倪俊快速看她一眼,视线立即回归手机屏幕:“没有如果,我那十万,不都贡献出来了吗?”

红艳道:“说出去谁信?工作那么多年,在某著名高大上的工作单位,就存那么点儿。”

倪俊打了个滚,脚朝天:“就这大本事,知足。”

红艳揶揄:“这辈子你是不是什么都不想了?就想着生个孩子,然后,继承你们家破房子。”

“说对了,挺好。”

“回答问题!”

“你先告诉我你想听什么。”

“我想听你一把掏,我什么都不用管,能行吗?”

“别说没用的,直接说目的。”

“那如果遇到这样的事,我只有两条路,一条是找你爸妈借钱。”红艳说。倪俊立刻道:“那估计行不通。”红艳翻了他一眼:“第二条,卖房子。”

倪俊倒抽一口气:“砸锅卖铁啊。”

红艳说:“不然怎么办?”

倪俊只能幽默化解:“我卖肾。”

红艳不理他,说自己的:“所以,保险多么必要,在家庭重大风险面前,人是多么脆弱,保险就是帮你兜底。”

倪俊道:“直接说让我买保险不就得了。”

“我没说,我只是告诉你这个风险。”红艳嘴硬。

倪俊哼了一声:“在你们这些人眼里,放个屁都是有风险的,喝凉水噎死保不保,吃干饭撑死保不保,生死有命,富贵在天!真要像妈买的保险那样,得两次不重样的大病才能赔付,有意思吗?”

“强词夺理!妈那是为你着想!”红艳拿着枕头朝倪俊扑过去。

无论谁怎么劝,红艳这个职是辞定了,而且她辞得意气风发,特别光荣,她觉得自己的中年危机都快被辞职治好了,因为接下来,她就要向着为千万家庭和个人设计保障,同时自己也顺带实现人生理想的目标奋进。红艳进了某著名保险公司,跟郝不是一个公司。她现在和郝,是竞争对手,同学群里,两个人明里暗里较着劲儿。

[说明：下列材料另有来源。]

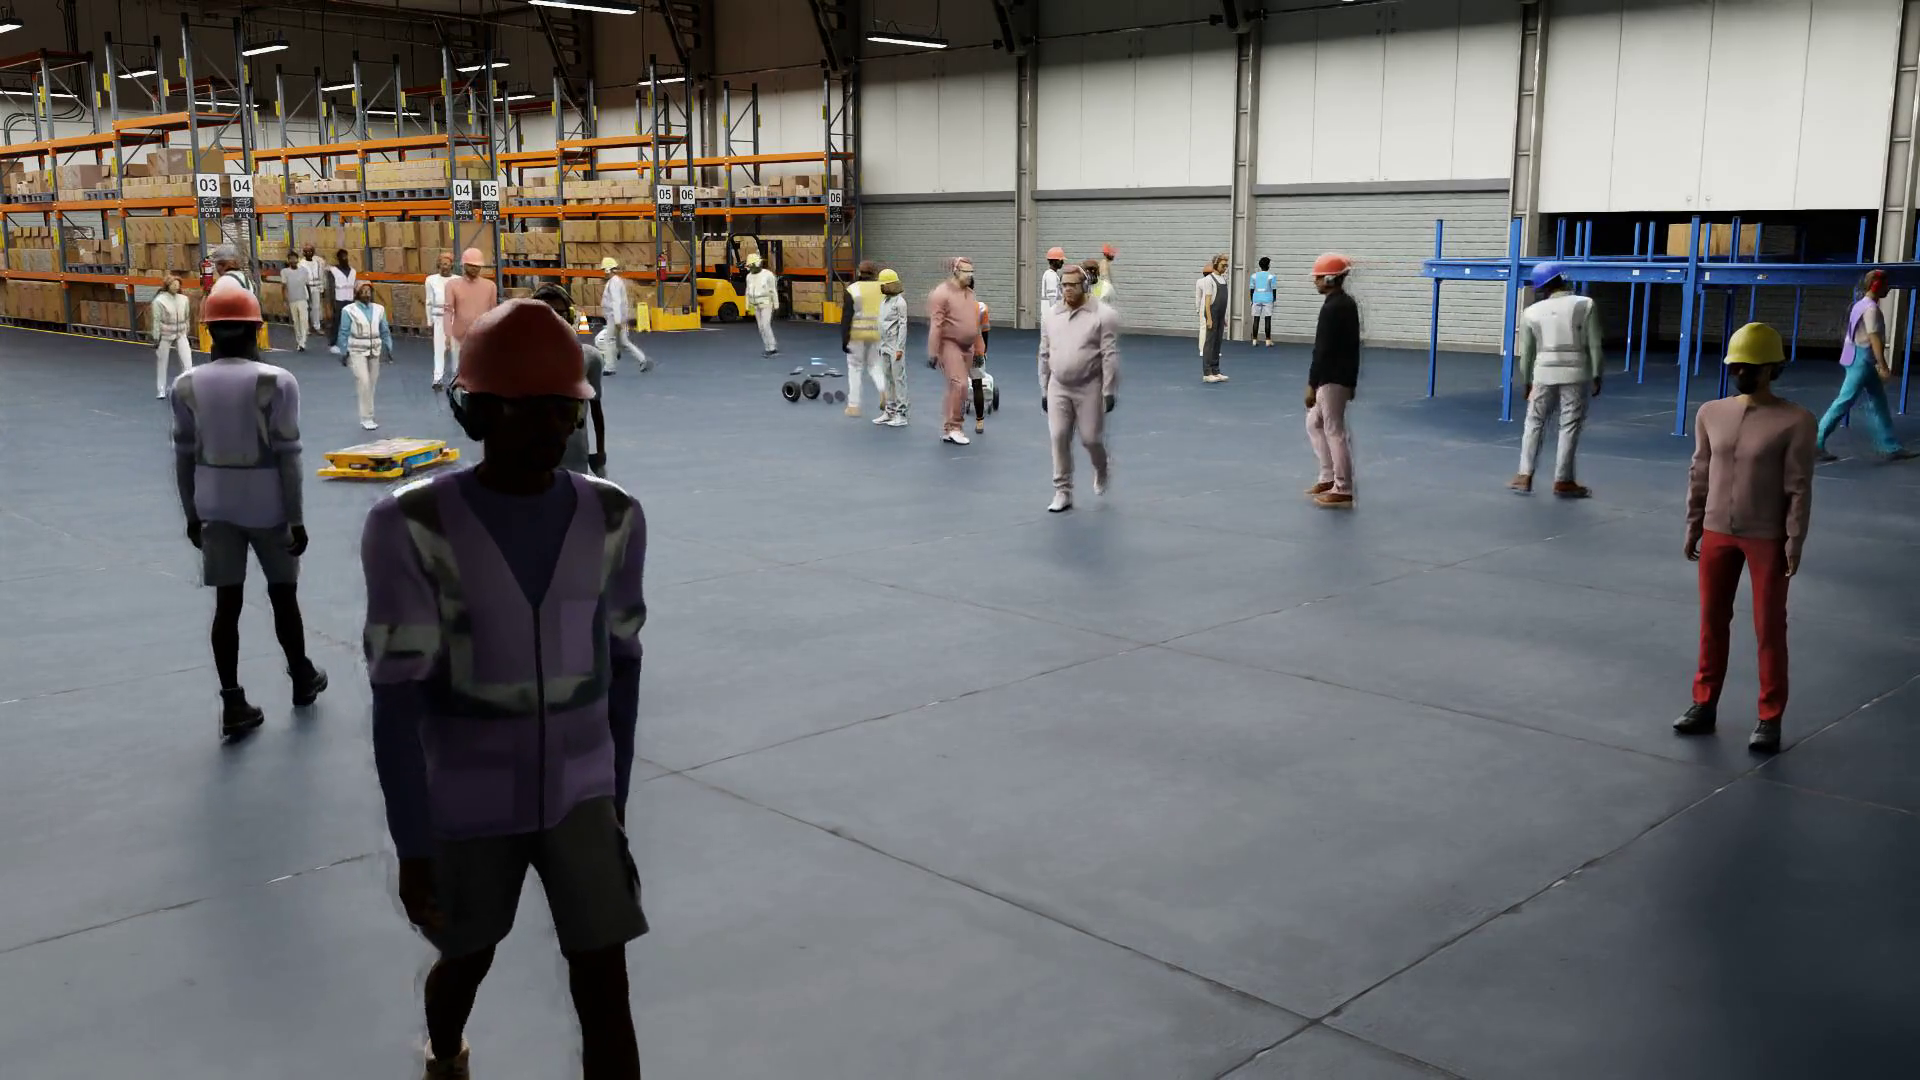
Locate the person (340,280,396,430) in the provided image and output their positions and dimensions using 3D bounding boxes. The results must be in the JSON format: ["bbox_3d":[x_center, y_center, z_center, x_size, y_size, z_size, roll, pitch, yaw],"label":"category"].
[{"bbox_3d":[-6.427,-2.007,18.108,0.620,1.616,0.534,8,13,37],"label":"person"}]

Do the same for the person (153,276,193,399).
[{"bbox_3d":[-10.191,-2.618,21.540,0.725,1.584,0.538,7,12,34],"label":"person"}]

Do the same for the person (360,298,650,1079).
[{"bbox_3d":[-0.929,0.497,3.471,0.612,1.999,1.053,-7,12,-32],"label":"person"}]

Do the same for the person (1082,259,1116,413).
[{"bbox_3d":[1.553,-2.441,19.925,0.627,1.837,0.428,2,11,13],"label":"person"}]

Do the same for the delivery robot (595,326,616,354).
[{"bbox_3d":[-6.136,-3.473,28.881,0.477,0.478,0.707,-1,10,-7],"label":"delivery robot"}]

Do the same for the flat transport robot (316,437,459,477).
[{"bbox_3d":[-5.171,-0.756,15.095,0.652,0.197,1.431,2,11,8],"label":"flat transport robot"}]

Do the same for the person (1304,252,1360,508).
[{"bbox_3d":[2.867,-1.249,13.007,0.602,1.970,0.645,5,12,27],"label":"person"}]

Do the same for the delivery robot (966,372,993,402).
[{"bbox_3d":[0.229,-1.873,20.157,0.477,0.478,0.707,0,10,0],"label":"delivery robot"}]

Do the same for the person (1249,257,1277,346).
[{"bbox_3d":[5.800,-4.557,31.807,0.540,1.698,0.317,5,12,27],"label":"person"}]

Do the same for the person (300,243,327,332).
[{"bbox_3d":[-14.317,-5.570,36.714,0.443,1.924,0.648,9,14,40],"label":"person"}]

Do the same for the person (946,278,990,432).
[{"bbox_3d":[0.061,-1.996,17.860,0.533,1.693,0.319,-3,11,-15],"label":"person"}]

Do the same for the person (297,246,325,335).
[{"bbox_3d":[-13.814,-5.306,35.388,0.341,1.882,0.586,10,14,43],"label":"person"}]

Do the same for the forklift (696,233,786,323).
[{"bbox_3d":[-5.496,-6.489,41.108,2.313,2.155,1.214,-10,14,-44],"label":"forklift"}]

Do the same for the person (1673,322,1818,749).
[{"bbox_3d":[3.263,-0.022,6.930,0.349,1.759,0.522,-8,13,-37],"label":"person"}]

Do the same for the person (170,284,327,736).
[{"bbox_3d":[-3.087,-0.151,7.227,0.567,1.899,0.817,-1,10,-3],"label":"person"}]

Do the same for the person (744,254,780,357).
[{"bbox_3d":[-3.448,-4.064,28.885,0.623,1.787,0.531,8,13,36],"label":"person"}]

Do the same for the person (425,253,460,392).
[{"bbox_3d":[-6.946,-2.938,22.530,0.608,1.858,0.790,-1,10,-7],"label":"person"}]

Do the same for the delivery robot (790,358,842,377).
[{"bbox_3d":[-1.853,-2.220,21.341,0.698,0.223,0.335,6,12,31],"label":"delivery robot"}]

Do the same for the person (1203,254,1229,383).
[{"bbox_3d":[3.719,-3.216,24.108,0.346,1.844,0.507,8,13,36],"label":"person"}]

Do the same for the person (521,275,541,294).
[{"bbox_3d":[-12.336,-7.600,47.789,0.637,1.921,0.754,-6,12,-30],"label":"person"}]

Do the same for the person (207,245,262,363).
[{"bbox_3d":[-8.741,-2.506,19.811,1.041,2.000,0.695,1,10,6],"label":"person"}]

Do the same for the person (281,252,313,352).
[{"bbox_3d":[-12.141,-4.358,30.454,0.484,1.800,0.999,-3,11,-15],"label":"person"}]

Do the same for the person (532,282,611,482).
[{"bbox_3d":[-2.078,-0.393,8.637,0.520,1.873,0.335,-3,11,-14],"label":"person"}]

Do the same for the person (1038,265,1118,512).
[{"bbox_3d":[0.928,-1.189,12.941,0.656,1.887,0.664,4,11,22],"label":"person"}]

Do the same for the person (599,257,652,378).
[{"bbox_3d":[-5.058,-3.335,24.906,0.779,1.797,0.622,-1,10,-3],"label":"person"}]

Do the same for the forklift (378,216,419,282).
[{"bbox_3d":[-17.868,-9.201,54.028,1.873,2.768,1.129,-10,14,-44],"label":"forklift"}]

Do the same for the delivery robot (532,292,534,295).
[{"bbox_3d":[-11.913,-6.663,46.275,0.707,0.478,0.477,7,13,36],"label":"delivery robot"}]

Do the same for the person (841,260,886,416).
[{"bbox_3d":[-1.084,-2.370,19.549,0.668,1.820,0.601,-5,12,-26],"label":"person"}]

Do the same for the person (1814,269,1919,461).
[{"bbox_3d":[8.511,-1.635,15.614,0.974,1.797,0.568,5,12,27],"label":"person"}]

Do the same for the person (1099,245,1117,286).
[{"bbox_3d":[3.064,-5.162,34.578,0.409,1.903,0.674,2,11,9],"label":"person"}]

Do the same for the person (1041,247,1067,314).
[{"bbox_3d":[1.386,-3.347,24.559,0.377,1.936,0.549,0,10,-1],"label":"person"}]

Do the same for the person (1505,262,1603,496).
[{"bbox_3d":[4.858,-1.302,13.555,0.715,1.895,0.399,7,13,34],"label":"person"}]

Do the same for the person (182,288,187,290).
[{"bbox_3d":[-21.732,-7.259,46.036,0.551,1.875,1.024,5,11,23],"label":"person"}]

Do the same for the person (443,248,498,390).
[{"bbox_3d":[-5.546,-2.321,18.919,0.633,1.945,0.977,-4,11,-20],"label":"person"}]

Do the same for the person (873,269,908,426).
[{"bbox_3d":[-0.780,-2.151,18.594,0.311,1.735,0.484,-6,12,-31],"label":"person"}]

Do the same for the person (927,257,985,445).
[{"bbox_3d":[0.035,-1.902,16.811,0.650,1.882,0.666,8,13,37],"label":"person"}]

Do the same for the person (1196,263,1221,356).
[{"bbox_3d":[4.371,-4.030,29.117,0.498,1.633,0.285,5,11,24],"label":"person"}]

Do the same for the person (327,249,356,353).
[{"bbox_3d":[-11.048,-4.266,29.798,1.033,1.868,0.604,7,13,34],"label":"person"}]
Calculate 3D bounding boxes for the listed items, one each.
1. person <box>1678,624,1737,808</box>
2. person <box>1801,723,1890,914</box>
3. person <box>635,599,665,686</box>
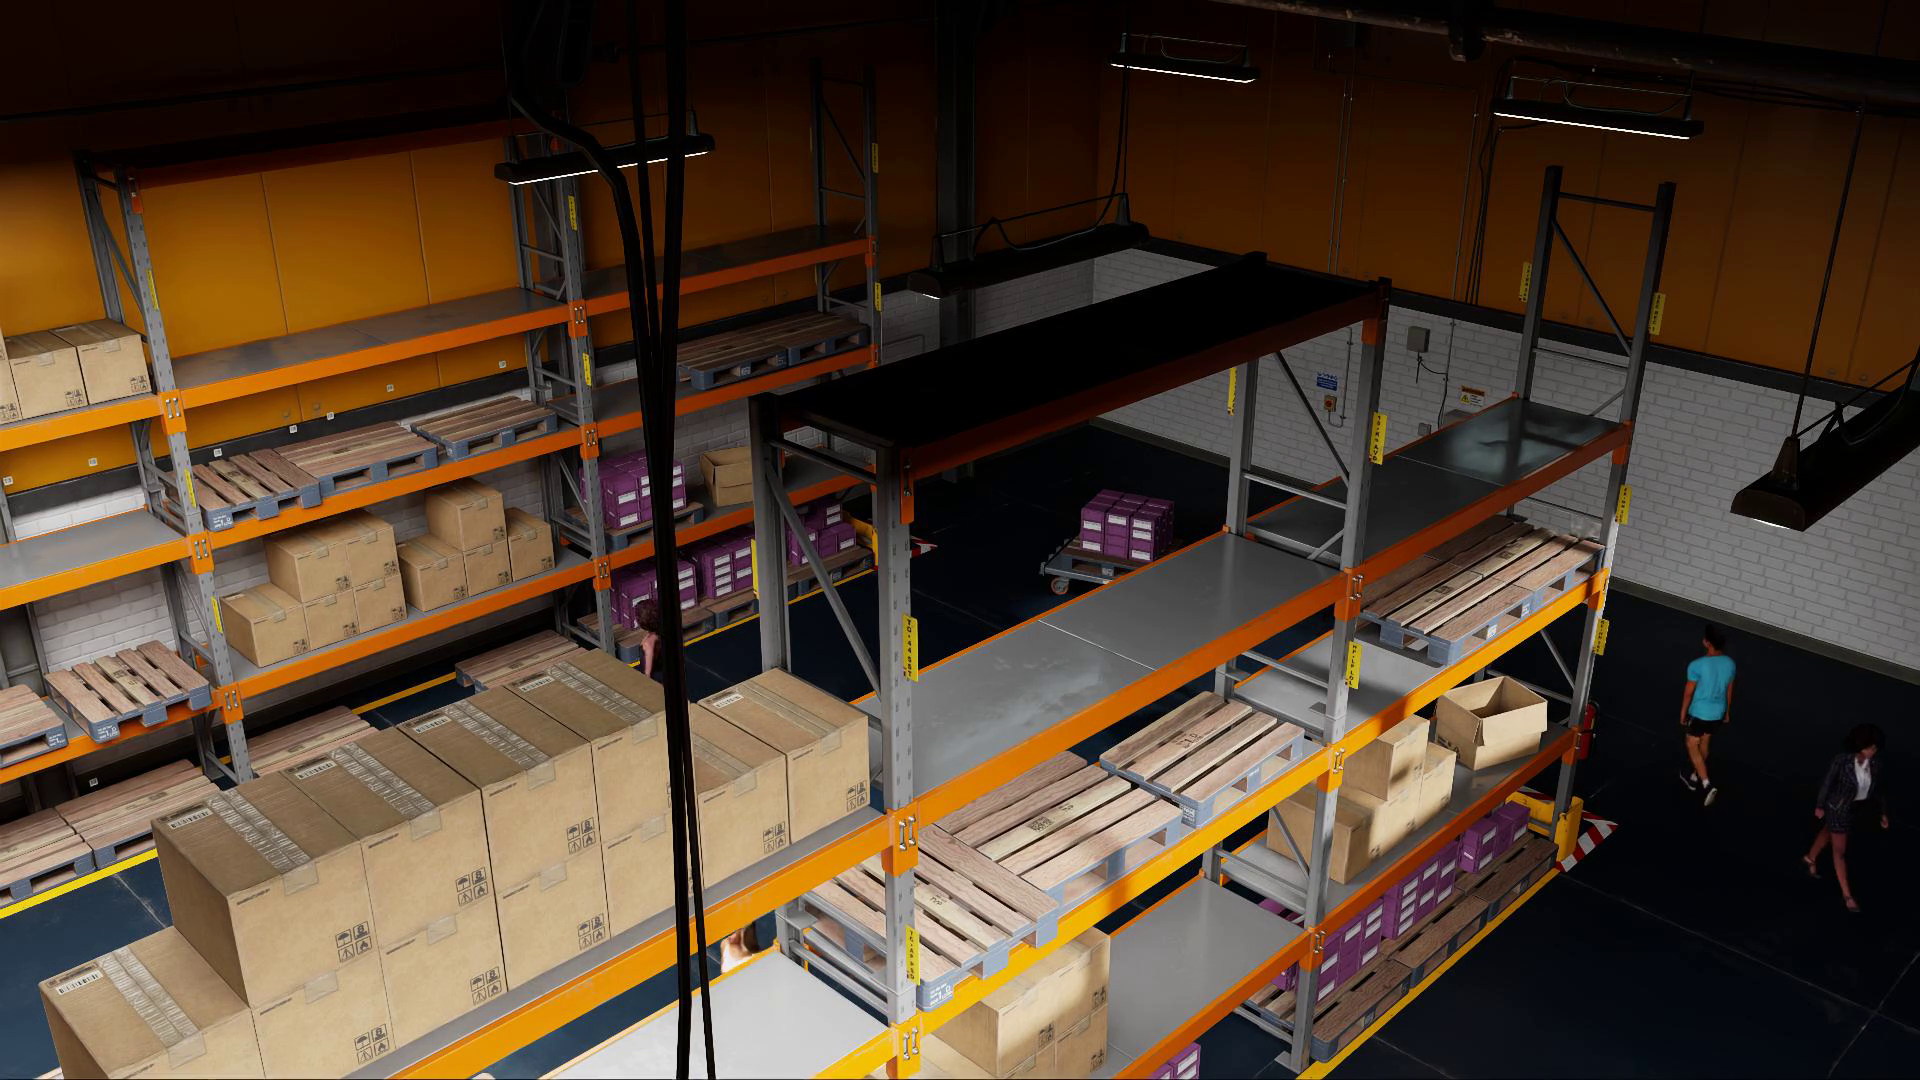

郝下手早,不少同学都是他的客户。这块蛋糕,刘红艳晚来了一步。不过,红艳从郝身上倒是学了一招,叫环环相扣法。类似于直销,发展下线。一个同学买了,再请这个同学给推荐他周围的人,如果推荐成功,就给这同学提成。只不过,经过郝地毯式轰炸,红艳再去,已颗粒无收。红艳想,行,反正现在是学徒期,先练练手再说。

她把目标锁定在婆家。庆芬劝女儿:“少招惹他们,孩子没生出来,人气着。”红艳纠正:“怎么叫招惹,我是去送福利的。”周末,刘红艳拎着两条甲鱼造访婆家,倪俊拦都拦不住。还没进门,声音就传过去:“妈!爸!”热情得好像下乡扶贫。伟民推老太太出去晒太阳,不在家,倪俊领事馆有接待,晚点回来。二琥从里屋出来,看到两条甲鱼,吓了一跳。好多年没吃过,红艳拎着来,她又觉得好,又提防。红艳道:“妈,这些日子,您照顾奶奶,照顾我,辛苦,一条给您,一条给奶奶,补补。”二琥浑身起鸡皮疙瘩,颇不适应。赶巧伟民推着老太太回来。二琥探头:“妈,倪厨子,儿媳妇给你带俩王八,中午看怎么烧。”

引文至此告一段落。